Thanks to authors for the helpful responses. Authors have properly addressed my concerns and I decide to keep my positive scores.
Dear Reviewer t7ek,
Thank you for taking the time to review our rebuttal. We are glad that our responses have addressed your concerns.
Best, Authors
The paper proposes Flick, a data-driven framework designed to address data heterogeneity across silos in federated learning. Flick leverages commonsense knowledge from large language models (LLMs) to generate synthetic data, enhancing data diversity and balance. To protect local privacy, clients share only textual captions describing their local data with the server, rather than the raw data itself. The server then uses these captions to create text prompts via an off-the-shelf LLM, which guides a generative model to produce synthetic data for both server-side augmentation and local use.
优缺点分析
Strengths
- The paper is well-written and easy to follow.
- The evaluation is thorough, providing comprehensive results that help assess the effectiveness of the proposed approach.
Weaknesses
- Since federated learning often involves private or domain-specific datasets, off-the-shelf LLMs may lack the relevant commonsense knowledge to accurately represent or augment such data.
- The motivation behind certain design choices and methodological components is not clearly explained. (See the detailed questions below for clarification.)
问题
- The retrieval mechanism seems to introduce duplicate generated samples across different clients or even on the same client. Could you provide quantitative insights on how frequently this duplication occurs in practice? Additionally, how does this duplication impact model performance, either positively (e.g., through regularization) or negatively (e.g., by reducing data diversity)?
- The paper mentions that stale sample removal is applied only to the server-side dataset. Would applying a similar strategy to the client-side local datasets also be beneficial? Could you clarify the rationale for restricting this operation to the server dataset, and whether client-side stale samples could similarly degrade learning performance?
- In line 126, the paper suggests that client datasets progressively approximate an IID distribution over time. However, this assumption may not hold if certain classes inherently present greater learning difficulty. Could you expand on how the proposed method addresses or accounts for such class-specific learning challenges in the non-IID setting?
- In line 166, the sample selection strategy favors choosing samples with the smallest loss for underperforming classes, under the assumption that such samples are less likely to be noisy. This makes sense in early training stages. However, in later stages, prioritizing harder (i.e., higher-loss) samples might better facilitate learning. Could you clarify why your method consistently favors small-loss samples?
局限性
yes
最终评判理由
Authors have properly addressed my concerns.
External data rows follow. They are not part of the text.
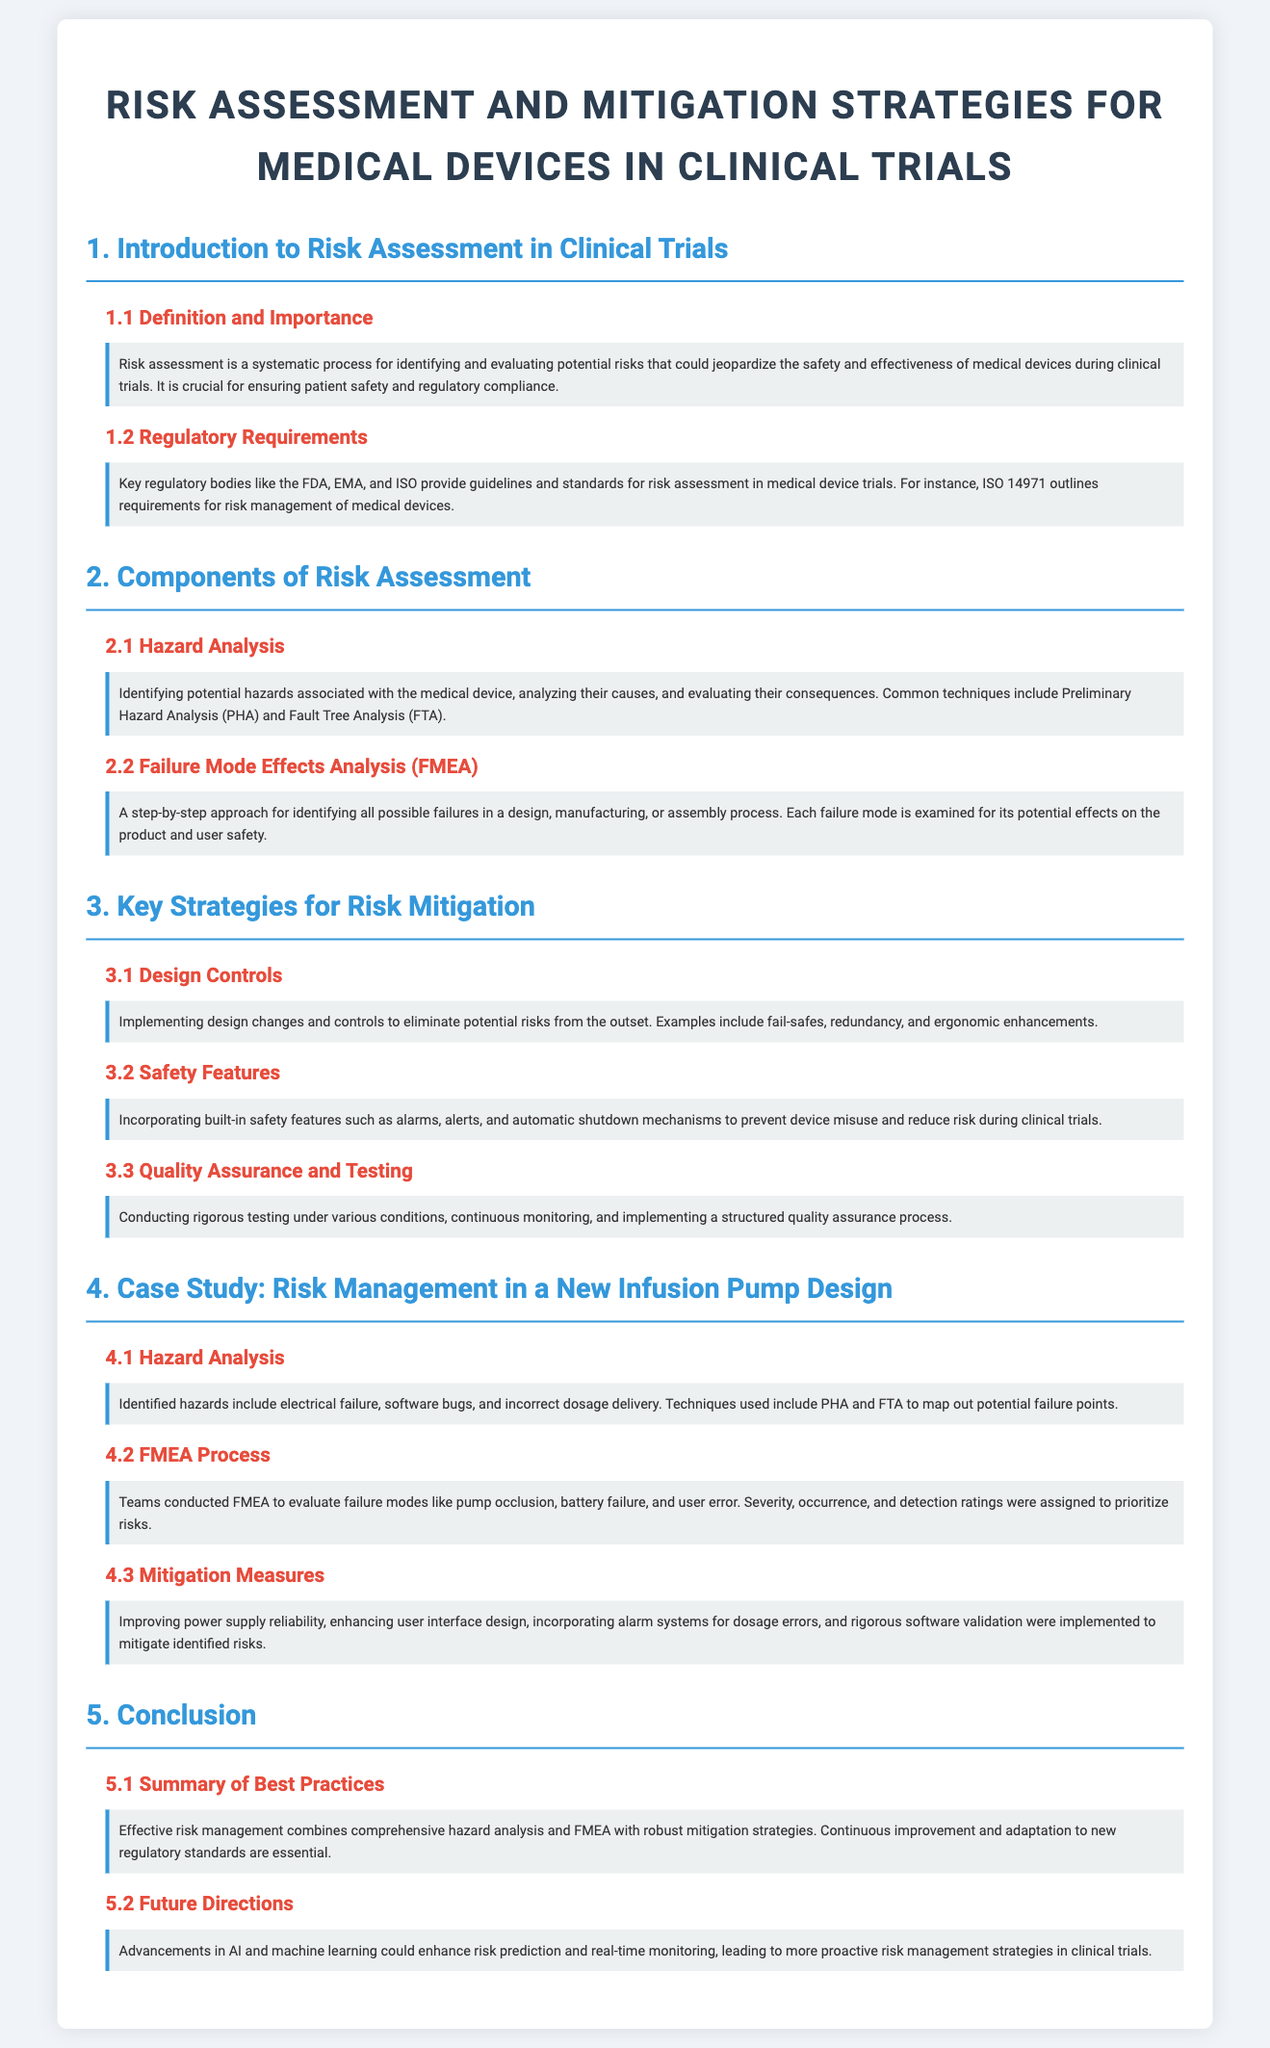what is the title of the document? The title of the document is found in the header and provides a clear indication of the content.
Answer: Risk Assessment and Mitigation Strategies for Medical Devices in Clinical Trials what does FMEA stand for? FMEA is mentioned in the section discussing analysis techniques, and it is an acronym that stands for Fault Mode Effects Analysis.
Answer: Failure Mode Effects Analysis which regulatory bodies provide guidelines for risk assessment? The section on regulatory requirements lists key organizations that oversee the guidelines, specifically mentioning three prominent ones.
Answer: FDA, EMA, and ISO what is one key component of risk assessment? The document outlines major components of risk assessment, from which a specific method can be highlighted.
Answer: Hazard Analysis which section discusses mitigation strategies? The document's structure categorizes information, making it clear which section focuses specifically on strategies for risk reduction.
Answer: Key Strategies for Risk Mitigation what is one method used in hazard analysis? The content highlights specific techniques used for identifying hazards, mentioning a common one specifically.
Answer: Preliminary Hazard Analysis how many subsections are in the case study section? By analyzing the structure of the case study section, we can determine the number of subsections it contains.
Answer: Three how does the document describe future directions? The conclusion section addresses potential advancements and the future of risk management, specifying the technologies involved.
Answer: AI and machine learning 
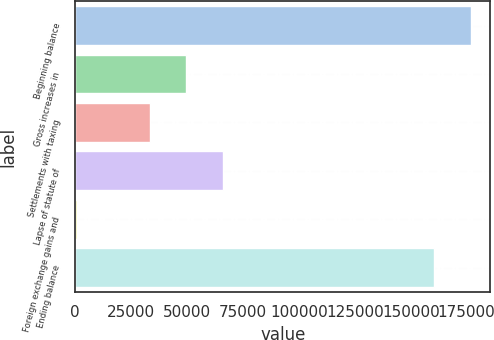<chart> <loc_0><loc_0><loc_500><loc_500><bar_chart><fcel>Beginning balance<fcel>Gross increases in<fcel>Settlements with taxing<fcel>Lapse of statute of<fcel>Foreign exchange gains and<fcel>Ending balance<nl><fcel>176748<fcel>49647<fcel>33367<fcel>65927<fcel>807<fcel>160468<nl></chart> 
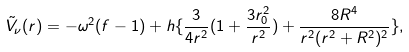Convert formula to latex. <formula><loc_0><loc_0><loc_500><loc_500>\tilde { V } _ { \nu } ( r ) = - \omega ^ { 2 } ( f - 1 ) + h \{ \frac { 3 } { 4 r ^ { 2 } } ( 1 + \frac { 3 r _ { 0 } ^ { 2 } } { r ^ { 2 } } ) + \frac { 8 R ^ { 4 } } { r ^ { 2 } ( r ^ { 2 } + R ^ { 2 } ) ^ { 2 } } \} ,</formula> 
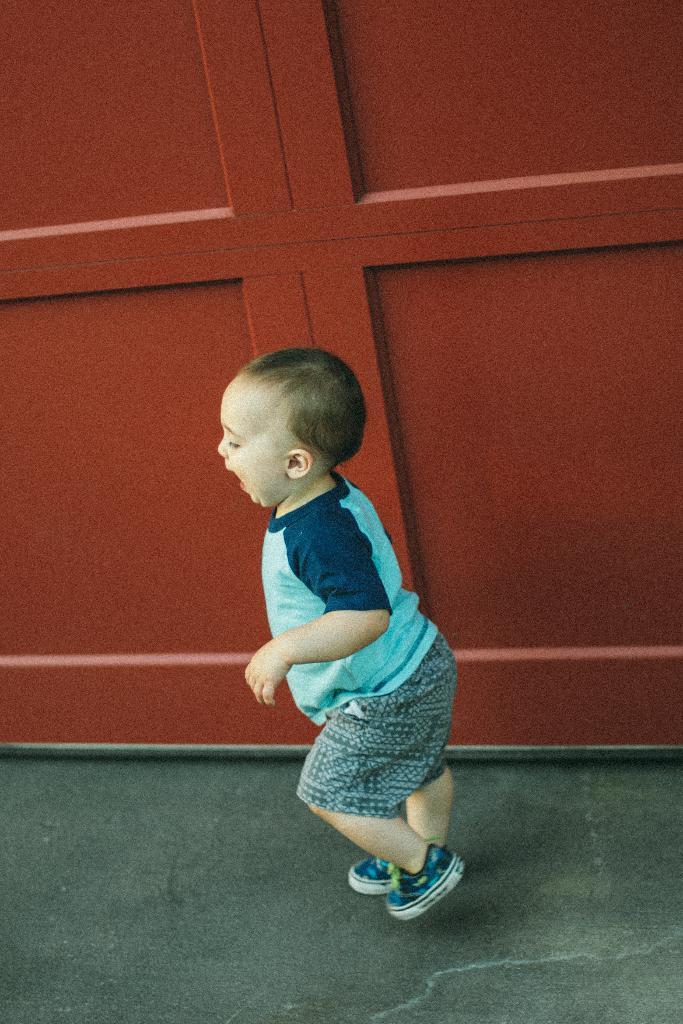Can you describe this image briefly? In the middle of the image we can see a kid on the floor. In the background there is a wooden wall. 
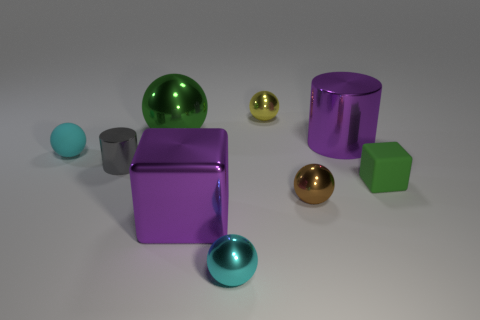Is the big shiny sphere the same color as the small matte cube?
Ensure brevity in your answer.  Yes. What color is the other cylinder that is made of the same material as the gray cylinder?
Keep it short and to the point. Purple. What is the green sphere that is behind the rubber thing that is left of the large object in front of the green cube made of?
Keep it short and to the point. Metal. Do the cyan sphere that is in front of the green rubber cube and the gray shiny cylinder have the same size?
Offer a terse response. Yes. How many big things are either cylinders or cubes?
Give a very brief answer. 2. Is there a metal object of the same color as the large block?
Provide a short and direct response. Yes. There is a purple object that is the same size as the metallic block; what shape is it?
Make the answer very short. Cylinder. There is a ball that is right of the small yellow metal object; is it the same color as the large metallic cylinder?
Keep it short and to the point. No. How many things are either cyan balls that are behind the tiny rubber block or small cyan objects?
Provide a short and direct response. 2. Is the number of small objects right of the tiny gray cylinder greater than the number of green blocks to the left of the big green object?
Ensure brevity in your answer.  Yes. 
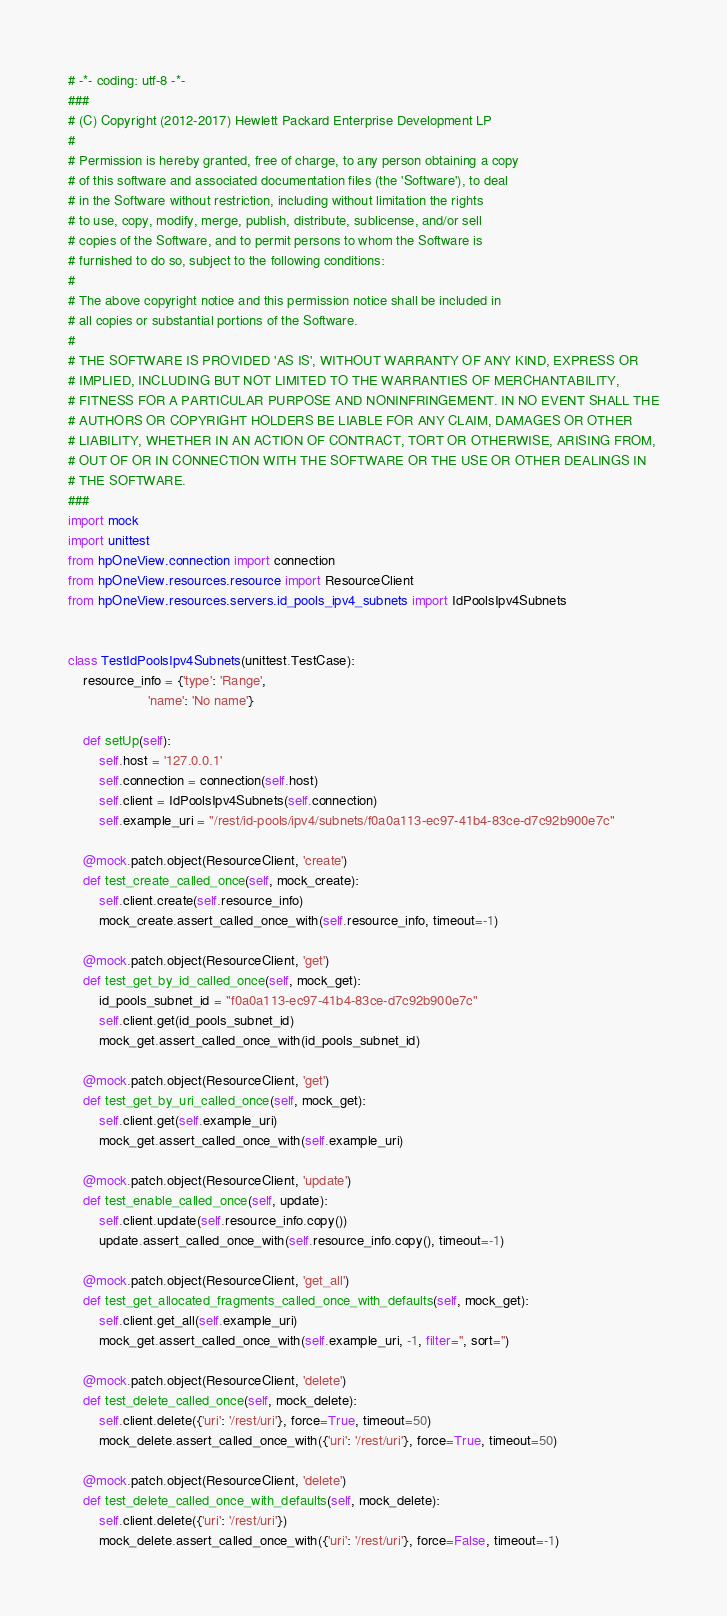Convert code to text. <code><loc_0><loc_0><loc_500><loc_500><_Python_># -*- coding: utf-8 -*-
###
# (C) Copyright (2012-2017) Hewlett Packard Enterprise Development LP
#
# Permission is hereby granted, free of charge, to any person obtaining a copy
# of this software and associated documentation files (the 'Software'), to deal
# in the Software without restriction, including without limitation the rights
# to use, copy, modify, merge, publish, distribute, sublicense, and/or sell
# copies of the Software, and to permit persons to whom the Software is
# furnished to do so, subject to the following conditions:
#
# The above copyright notice and this permission notice shall be included in
# all copies or substantial portions of the Software.
#
# THE SOFTWARE IS PROVIDED 'AS IS', WITHOUT WARRANTY OF ANY KIND, EXPRESS OR
# IMPLIED, INCLUDING BUT NOT LIMITED TO THE WARRANTIES OF MERCHANTABILITY,
# FITNESS FOR A PARTICULAR PURPOSE AND NONINFRINGEMENT. IN NO EVENT SHALL THE
# AUTHORS OR COPYRIGHT HOLDERS BE LIABLE FOR ANY CLAIM, DAMAGES OR OTHER
# LIABILITY, WHETHER IN AN ACTION OF CONTRACT, TORT OR OTHERWISE, ARISING FROM,
# OUT OF OR IN CONNECTION WITH THE SOFTWARE OR THE USE OR OTHER DEALINGS IN
# THE SOFTWARE.
###
import mock
import unittest
from hpOneView.connection import connection
from hpOneView.resources.resource import ResourceClient
from hpOneView.resources.servers.id_pools_ipv4_subnets import IdPoolsIpv4Subnets


class TestIdPoolsIpv4Subnets(unittest.TestCase):
    resource_info = {'type': 'Range',
                     'name': 'No name'}

    def setUp(self):
        self.host = '127.0.0.1'
        self.connection = connection(self.host)
        self.client = IdPoolsIpv4Subnets(self.connection)
        self.example_uri = "/rest/id-pools/ipv4/subnets/f0a0a113-ec97-41b4-83ce-d7c92b900e7c"

    @mock.patch.object(ResourceClient, 'create')
    def test_create_called_once(self, mock_create):
        self.client.create(self.resource_info)
        mock_create.assert_called_once_with(self.resource_info, timeout=-1)

    @mock.patch.object(ResourceClient, 'get')
    def test_get_by_id_called_once(self, mock_get):
        id_pools_subnet_id = "f0a0a113-ec97-41b4-83ce-d7c92b900e7c"
        self.client.get(id_pools_subnet_id)
        mock_get.assert_called_once_with(id_pools_subnet_id)

    @mock.patch.object(ResourceClient, 'get')
    def test_get_by_uri_called_once(self, mock_get):
        self.client.get(self.example_uri)
        mock_get.assert_called_once_with(self.example_uri)

    @mock.patch.object(ResourceClient, 'update')
    def test_enable_called_once(self, update):
        self.client.update(self.resource_info.copy())
        update.assert_called_once_with(self.resource_info.copy(), timeout=-1)

    @mock.patch.object(ResourceClient, 'get_all')
    def test_get_allocated_fragments_called_once_with_defaults(self, mock_get):
        self.client.get_all(self.example_uri)
        mock_get.assert_called_once_with(self.example_uri, -1, filter='', sort='')

    @mock.patch.object(ResourceClient, 'delete')
    def test_delete_called_once(self, mock_delete):
        self.client.delete({'uri': '/rest/uri'}, force=True, timeout=50)
        mock_delete.assert_called_once_with({'uri': '/rest/uri'}, force=True, timeout=50)

    @mock.patch.object(ResourceClient, 'delete')
    def test_delete_called_once_with_defaults(self, mock_delete):
        self.client.delete({'uri': '/rest/uri'})
        mock_delete.assert_called_once_with({'uri': '/rest/uri'}, force=False, timeout=-1)
</code> 
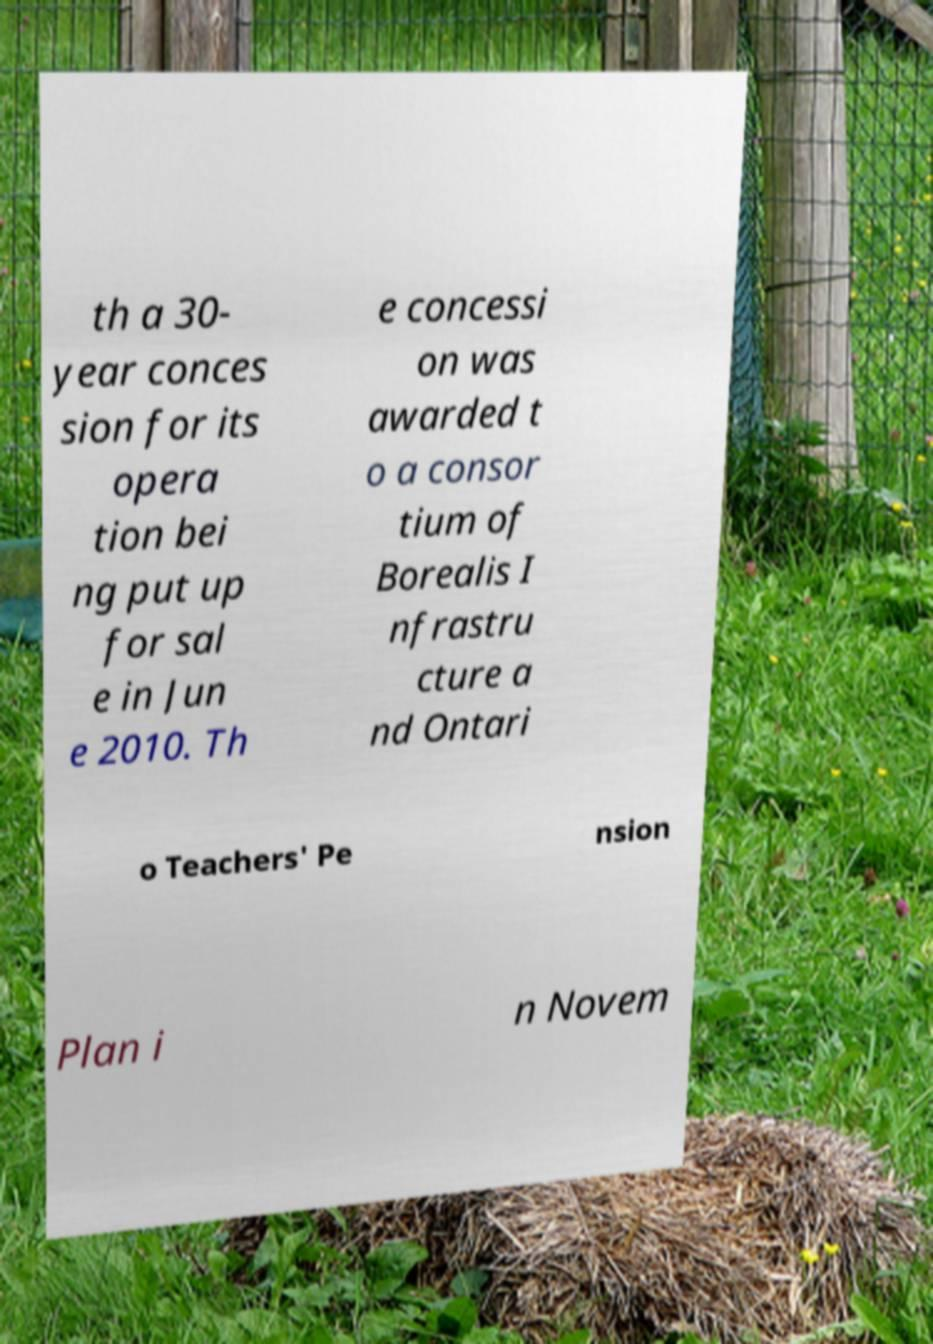Can you read and provide the text displayed in the image?This photo seems to have some interesting text. Can you extract and type it out for me? th a 30- year conces sion for its opera tion bei ng put up for sal e in Jun e 2010. Th e concessi on was awarded t o a consor tium of Borealis I nfrastru cture a nd Ontari o Teachers' Pe nsion Plan i n Novem 
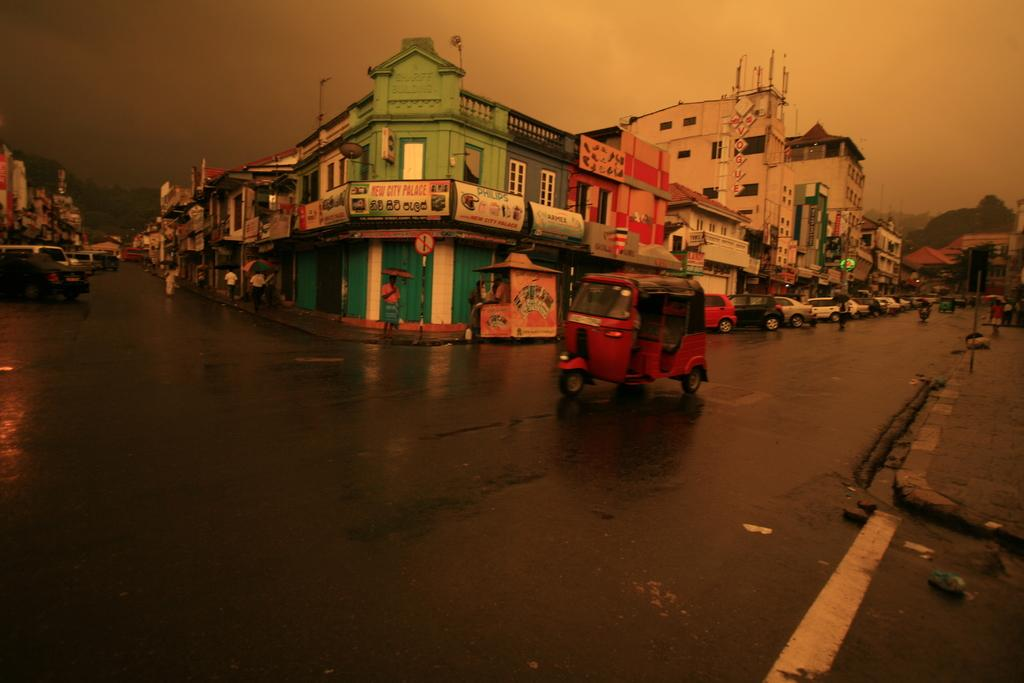What type of structures can be seen in the image? There are buildings in the image. What type of vehicles are on the road in the image? There are cars and an auto rickshaw on the road in the image. What are the people in the image doing? The people are walking in the image. What are the people holding while walking? The people are holding umbrellas. What type of vegetation is present in the image? There are trees in the image. What part of the natural environment is visible in the image? The sky is visible in the image. What type of behavior can be observed in the ring in the image? There is no ring present in the image, so no behavior can be observed in a ring. What day of the week is it in the image? The day of the week is not mentioned or visible in the image.

I would like to maintain my positive score.
格式问题
No
We thank the reviewer for the insightful comments. Below are our responses.
[1/5] Since federated learning often involves private or domain-specific datasets, off-the-shelf LLMs may lack the relevant commonsense knowledge to accurately represent or augment such data.
Typically, the off-the-shelf LLM (e.g., gpt-4o-mini used in our experiments) contains rich knowledge spanning a wide range of domains. We want to highlight that our proposed pipeline in Flick can effectively query task-relevant information from such an LLM and instill it into the data generation process. Furthermore, in practical deployments, the server in Flick can substitute the off-the-shelf LLM with a task-oriented LLM to better capture domain-relevant commonsense knowledge.
[2/5] The retrieval mechanism seems to introduce duplicate generated samples across different clients or even on the same client. Could you provide quantitative insights on how frequently this duplication occurs in practice? Additionally, how does this duplication impact model performance, either positively (e.g., through regularization) or negatively (e.g., by reducing data diversity)?
There indeed exist some duplicate generated samples that can occur both within a client and across different silos. We define the intra-client duplication as the proportion of duplicated samples within a single client, and inter-client duplication as the proportion of duplicated samples shared across clients. For example, in our PACS experiment using FedAvg as the baseline (Table 1), the intra-client duplication across all clients ranges from 0% to 2.86% (with an average of 1.35%), while the inter-client duplication ranges from 4.89% to 19.30% (with an average of 12.79%).
While such duplication may slightly reduce data diversity, it also brings benefits by reducing generation overhead through sample reuse. This reflects a trade-off between the efficiency and effectiveness of the data generation process. The degree of duplication is controlled by the hyperparameter , which defines the text similarity threshold for data retrieval. As shown in Figure 9(a), a higher reduces duplication by favoring the generation of new samples over retrieval. We observe consistent performance gain by Flick across ranging from 0.6 to 0.9, and we set as the default in our experiment.
[3/5] The paper mentions that stale sample removal is applied only to the server-side dataset. Would applying a similar strategy to the client-side local datasets also be beneficial? Could you clarify the rationale for restricting this operation to the server dataset, and whether client-side stale samples could similarly degrade learning performance?
We clarify that the update mechanism for the server-side data pool is tightly tied to its function. Removing stale samples helps prevent overfitting problems and ensures that the dynamic remains effective both as a validation set for evaluating local updates and a fine-tuning dataset for enhancing the global model. Moreover, this strategy keeps the retrieval and storage overhead constant, as the size of remains stable across communication rounds.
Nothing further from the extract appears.